**Problem description**
Retype the records word for word. Skip every image.

(Extracted records)

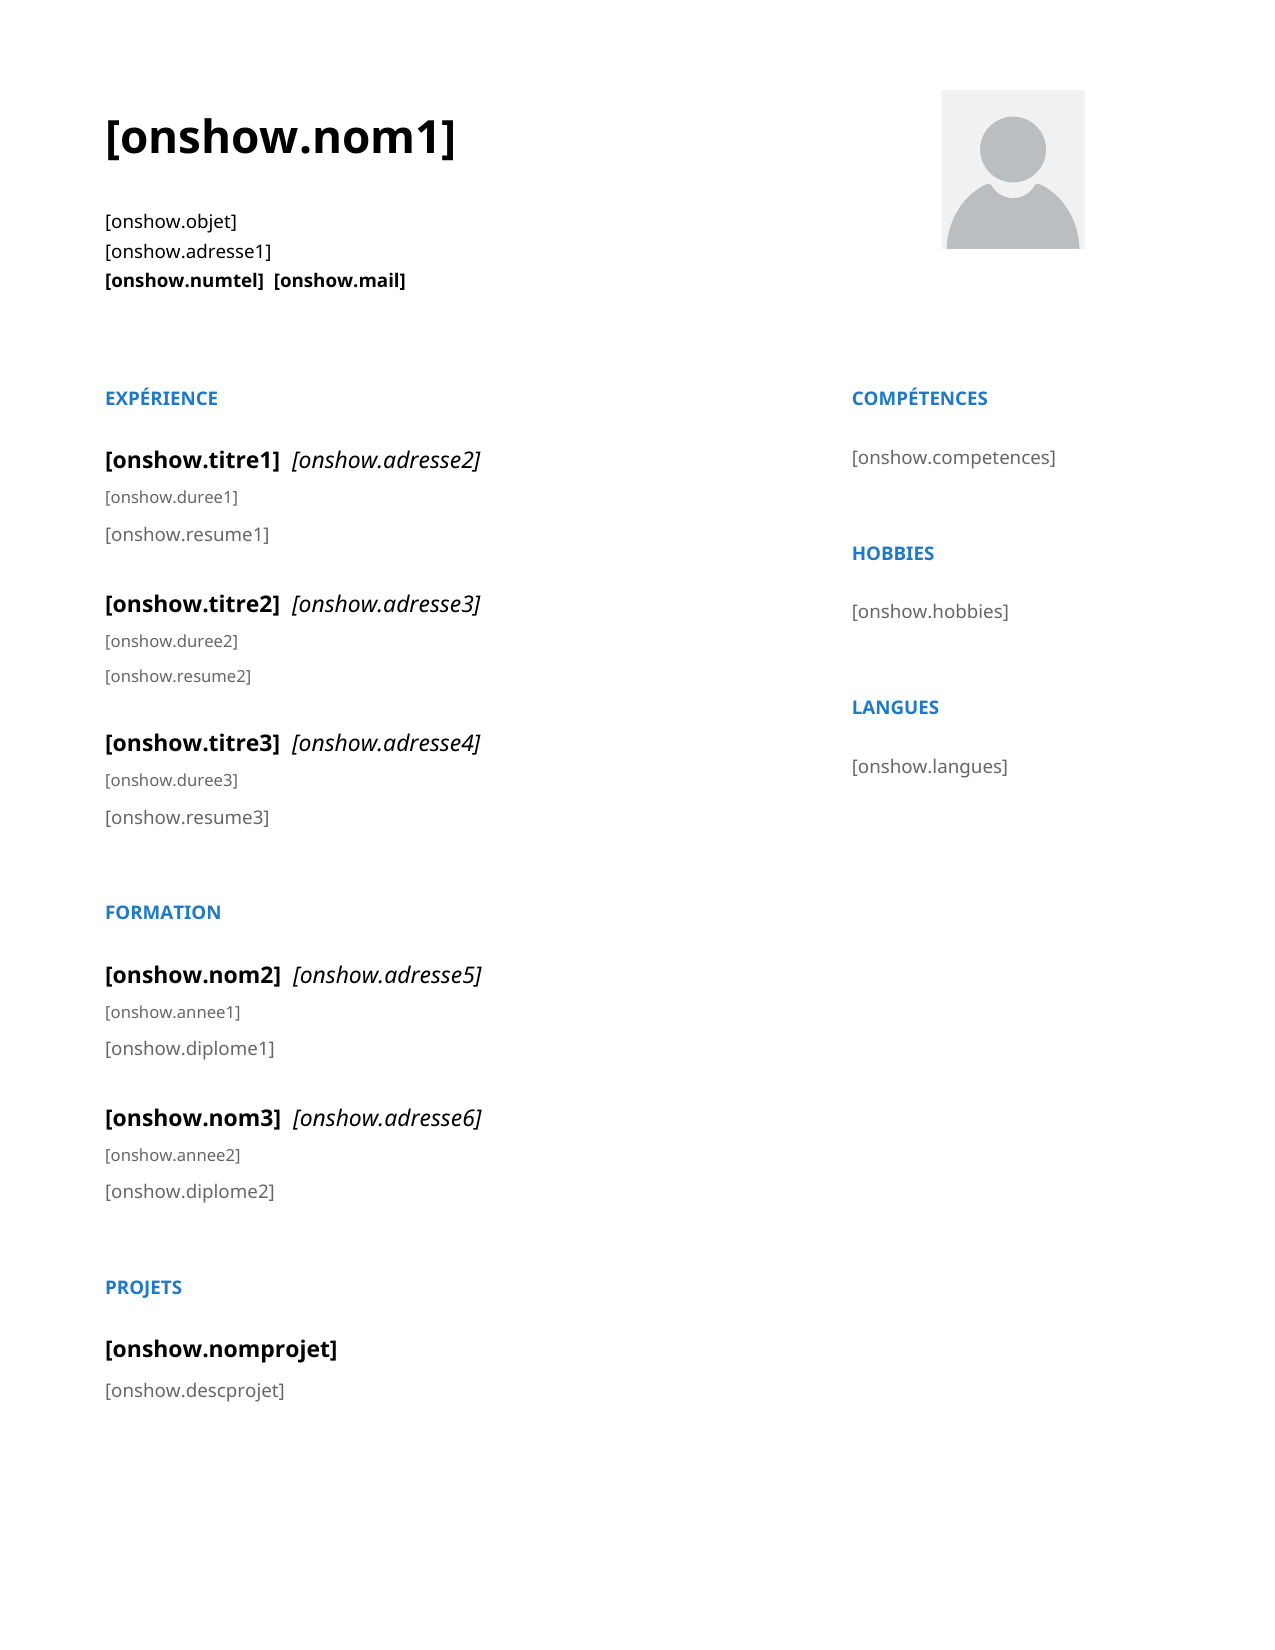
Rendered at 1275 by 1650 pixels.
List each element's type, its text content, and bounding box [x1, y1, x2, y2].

table_cell EXPÉRIENCE [onshow.titre1] [onshow.adresse2] [onshow.duree1] [onshow.resume1] [onshow.titre2] [onshow.adresse3] [onshow.duree2] [onshow.resume2] [onshow.titre3] [onshow.adresse4] [onshow.duree3] [onshow.resume3] FORMATION [onshow.nom2] [onshow.adresse5] [onshow.annee1] [onshow.diplome1] [onshow.nom3] [onshow.adresse6] [onshow.annee2] [onshow.diplome2] PROJETS [onshow.nomprojet] [onshow.descprojet] [90, 308, 837, 1417]
table_header [837, 90, 1199, 308]
picture [941, 90, 1085, 249]
table_cell COMPÉTENCES [onshow.competences] HOBBIES [onshow.hobbies] LANGUES [onshow.langues] [837, 308, 1199, 1417]
table_header [onshow.nom1] [onshow.objet] [onshow.adresse1] [onshow.numtel] [onshow.mail] [90, 90, 837, 308]

**Response for this exercise**
Rendered at 1275 by 1650 pixels.
List each element's type, its text content, and bounding box [x1, y1, x2, y2].

table_cell EXPÉRIENCE [onshow.titre1] [onshow.adresse2] [onshow.duree1] [onshow.resume1] [onshow.titre2] [onshow.adresse3] [onshow.duree2] [onshow.resume2] [onshow.titre3] [onshow.adresse4] [onshow.duree3] [onshow.resume3] FORMATION [onshow.nom2] [onshow.adresse5] [onshow.annee1] [onshow.diplome1] [onshow.nom3] [onshow.adresse6] [onshow.annee2] [onshow.diplome2] PROJETS [onshow.nomprojet] [onshow.descprojet] [90, 308, 837, 1417]
table_header [837, 90, 1199, 308]
picture [941, 90, 1085, 249]
table_cell COMPÉTENCES [onshow.competences] HOBBIES [onshow.hobbies] LANGUES [onshow.langues] [837, 308, 1199, 1417]
table_header [onshow.nom1] [onshow.objet] [onshow.adresse1] [onshow.numtel] [onshow.mail] [90, 90, 837, 308]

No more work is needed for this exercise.